Dataset items
#####

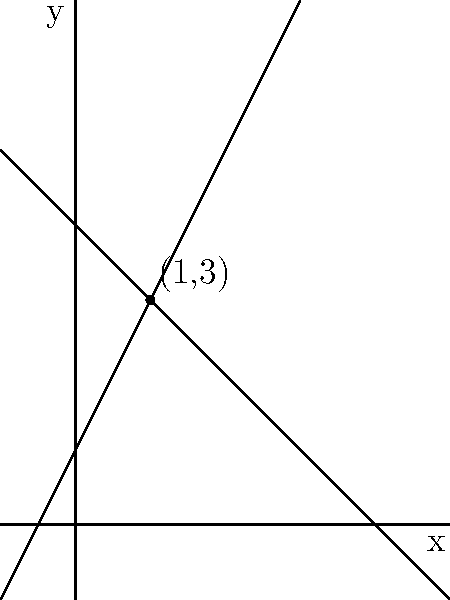Remember that old math classroom where we used to sit together, solving equations? Here's a problem that might jog your memory. The graph shows two lines representing a system of linear equations. What are the coordinates of the point where these lines intersect? Let's approach this step-by-step, just like we used to in class:

1) We can see from the graph that the two lines intersect at a point. This point of intersection is the solution to the system of linear equations represented by these lines.

2) By visual inspection, we can estimate that the point of intersection appears to be at (1, 3).

3) To verify this, we can:
   a) Find the equations of both lines
   b) Solve the system of equations algebraically

4) From the graph, we can determine:
   - The blue line has a positive slope and y-intercept of 1. Its equation is likely $y = 2x + 1$
   - The red line has a negative slope and y-intercept of 4. Its equation is likely $y = -x + 4$

5) Now we have the system of equations:
   $$\begin{cases}
   y = 2x + 1 \\
   y = -x + 4
   \end{cases}$$

6) To solve, we can equate these:
   $2x + 1 = -x + 4$

7) Solving for x:
   $3x = 3$
   $x = 1$

8) Substituting this back into either equation:
   $y = 2(1) + 1 = 3$ or $y = -1 + 4 = 3$

9) Therefore, the point of intersection is indeed (1, 3), confirming our visual estimate.
Answer: (1, 3) 
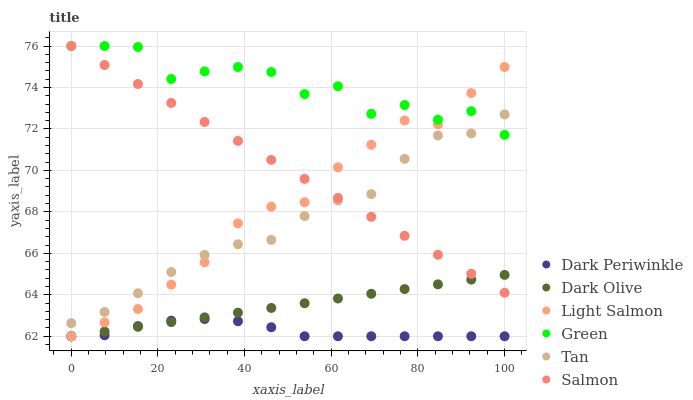Does Dark Periwinkle have the minimum area under the curve?
Answer yes or no. Yes. Does Green have the maximum area under the curve?
Answer yes or no. Yes. Does Dark Olive have the minimum area under the curve?
Answer yes or no. No. Does Dark Olive have the maximum area under the curve?
Answer yes or no. No. Is Dark Olive the smoothest?
Answer yes or no. Yes. Is Green the roughest?
Answer yes or no. Yes. Is Salmon the smoothest?
Answer yes or no. No. Is Salmon the roughest?
Answer yes or no. No. Does Light Salmon have the lowest value?
Answer yes or no. Yes. Does Salmon have the lowest value?
Answer yes or no. No. Does Green have the highest value?
Answer yes or no. Yes. Does Dark Olive have the highest value?
Answer yes or no. No. Is Dark Olive less than Green?
Answer yes or no. Yes. Is Salmon greater than Dark Periwinkle?
Answer yes or no. Yes. Does Salmon intersect Light Salmon?
Answer yes or no. Yes. Is Salmon less than Light Salmon?
Answer yes or no. No. Is Salmon greater than Light Salmon?
Answer yes or no. No. Does Dark Olive intersect Green?
Answer yes or no. No. 
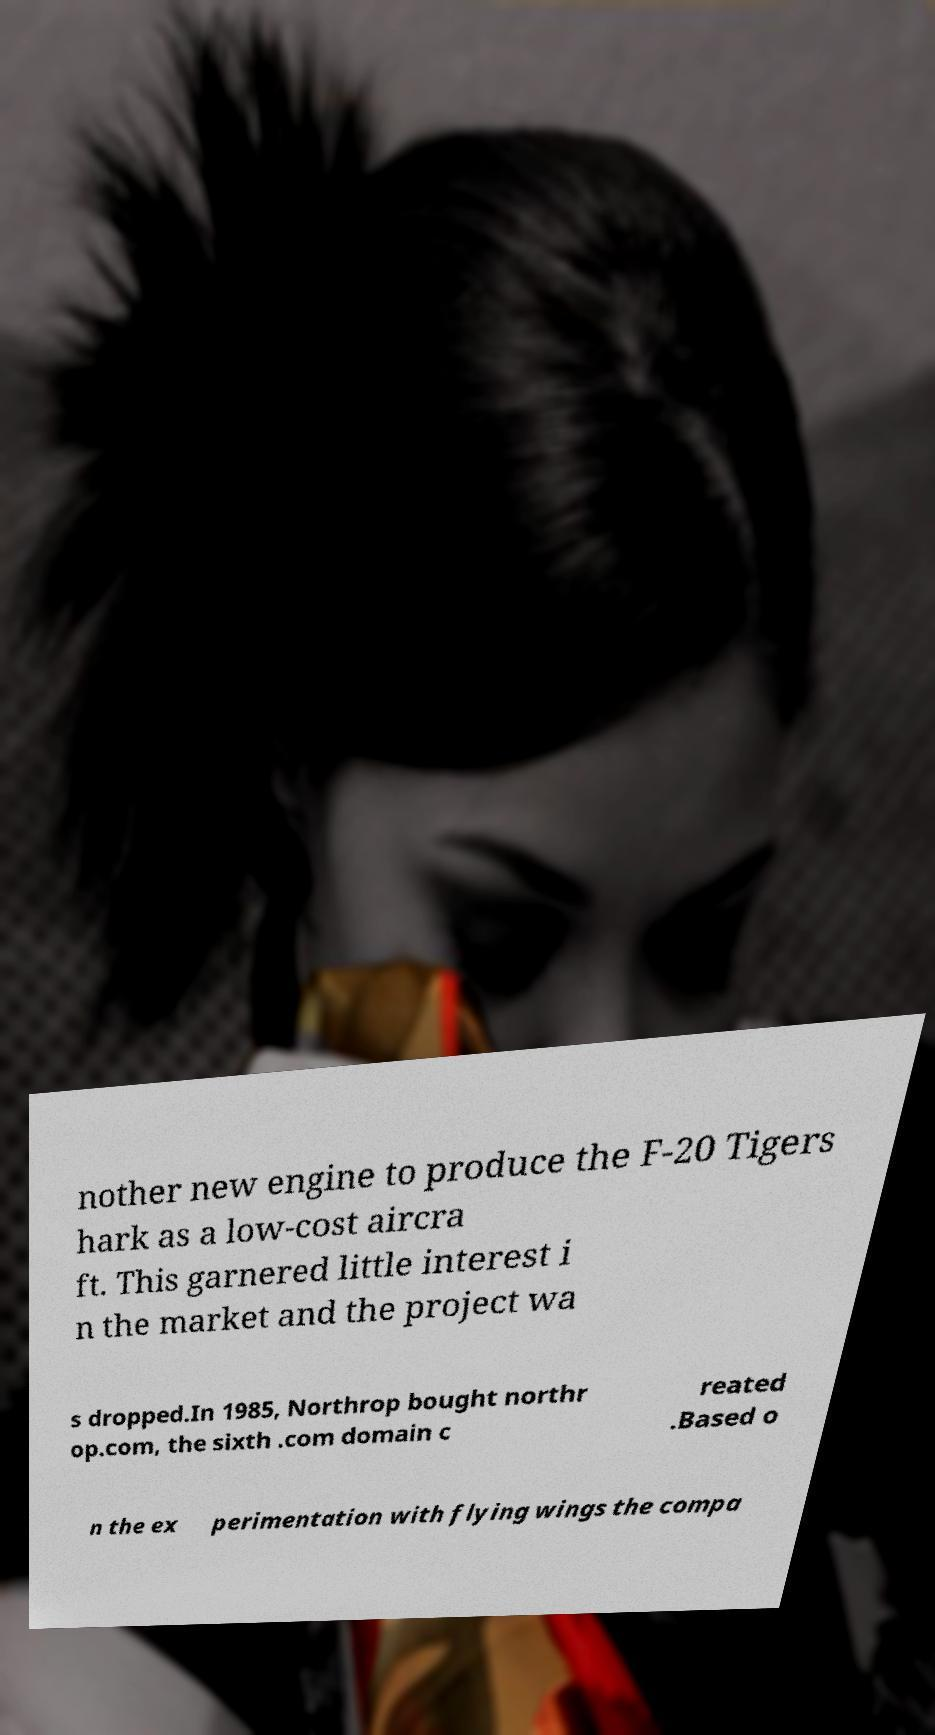Could you assist in decoding the text presented in this image and type it out clearly? nother new engine to produce the F-20 Tigers hark as a low-cost aircra ft. This garnered little interest i n the market and the project wa s dropped.In 1985, Northrop bought northr op.com, the sixth .com domain c reated .Based o n the ex perimentation with flying wings the compa 
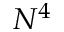Convert formula to latex. <formula><loc_0><loc_0><loc_500><loc_500>N ^ { 4 }</formula> 
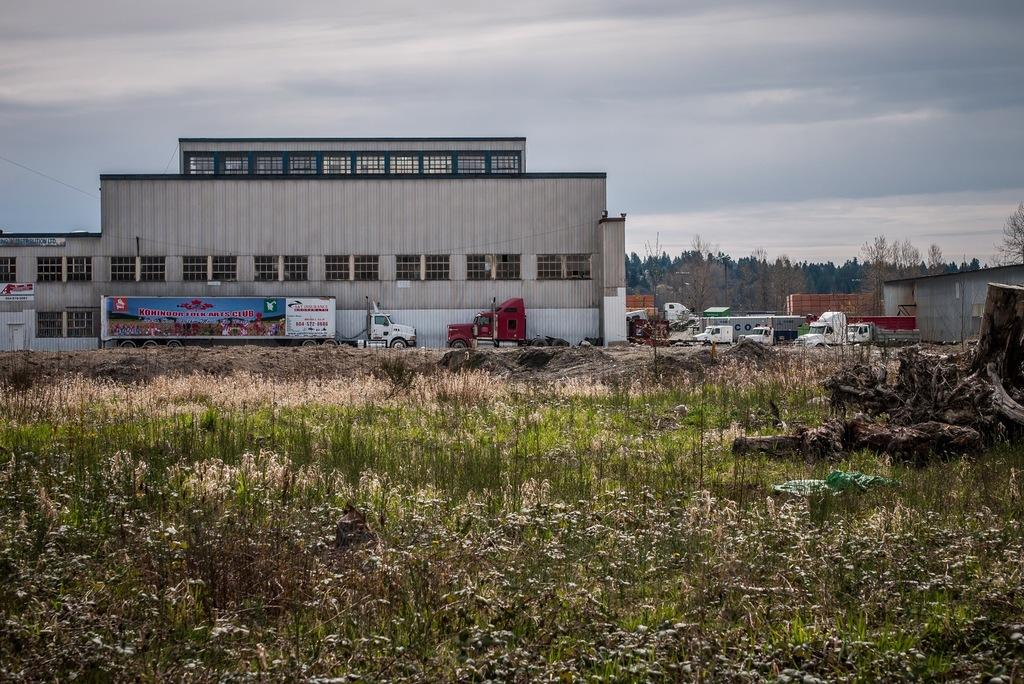What is located in the foreground of the image? There are plants and a tree trunk in the foreground of the image. What can be seen in the middle of the image? There are trees, trucks, and buildings in the middle of the image. What is visible at the top of the image? The sky is visible at the top of the image. What type of bun can be seen on the tree trunk in the image? There is no bun present on the tree trunk in the image. What type of sand can be seen in the middle of the image? There is no sand present in the image; it features trees, trucks, and buildings. 
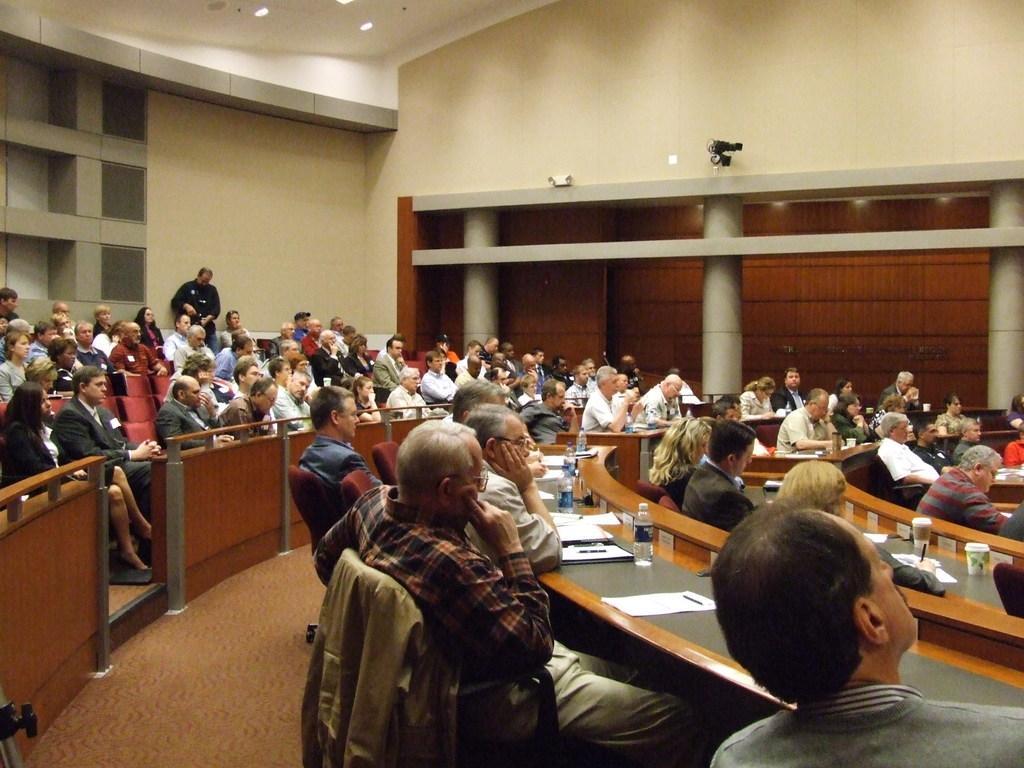Could you give a brief overview of what you see in this image? In this picture we can see a crowd of people sitting on seats and some are sitting on chairs and in front of them there is table and on table we can see paper, pen bottle, glass and on this chair we have jacket and in background we can see wall, pillar, light. 
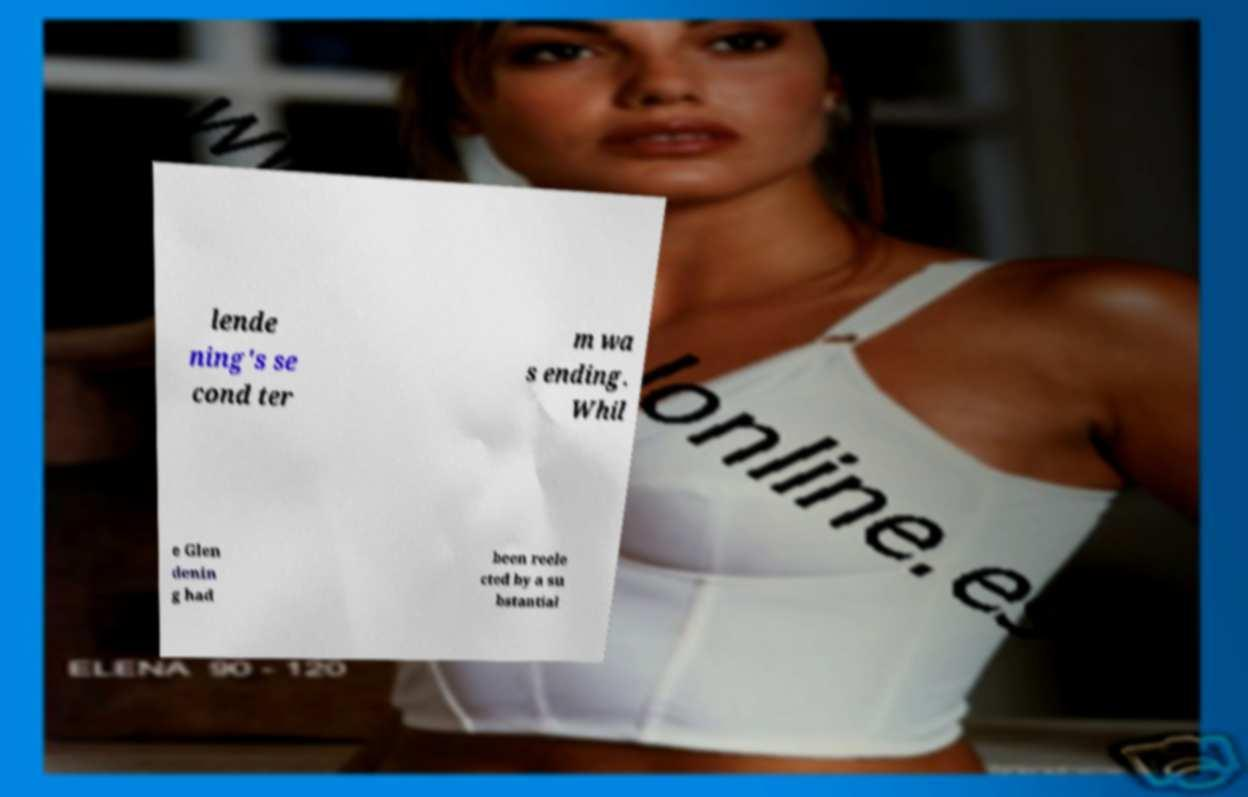Could you assist in decoding the text presented in this image and type it out clearly? lende ning's se cond ter m wa s ending. Whil e Glen denin g had been reele cted by a su bstantial

#####

> _WHAT THIS TASK INVOLVES_:
With the pictures omitted, set down each line exactly, starting at the first line of the records above and ending with the line that contains "Answer: (1, 3)".

> _RESULT FOR THIS EXERCISE_:
Remember that old math classroom where we used to sit together, solving equations? Here's a problem that might jog your memory. The graph shows two lines representing a system of linear equations. What are the coordinates of the point where these lines intersect? Let's approach this step-by-step, just like we used to in class:

1) We can see from the graph that the two lines intersect at a point. This point of intersection is the solution to the system of linear equations represented by these lines.

2) By visual inspection, we can estimate that the point of intersection appears to be at (1, 3).

3) To verify this, we can:
   a) Find the equations of both lines
   b) Solve the system of equations algebraically

4) From the graph, we can determine:
   - The blue line has a positive slope and y-intercept of 1. Its equation is likely $y = 2x + 1$
   - The red line has a negative slope and y-intercept of 4. Its equation is likely $y = -x + 4$

5) Now we have the system of equations:
   $$\begin{cases}
   y = 2x + 1 \\
   y = -x + 4
   \end{cases}$$

6) To solve, we can equate these:
   $2x + 1 = -x + 4$

7) Solving for x:
   $3x = 3$
   $x = 1$

8) Substituting this back into either equation:
   $y = 2(1) + 1 = 3$ or $y = -1 + 4 = 3$

9) Therefore, the point of intersection is indeed (1, 3), confirming our visual estimate.
Answer: (1, 3) 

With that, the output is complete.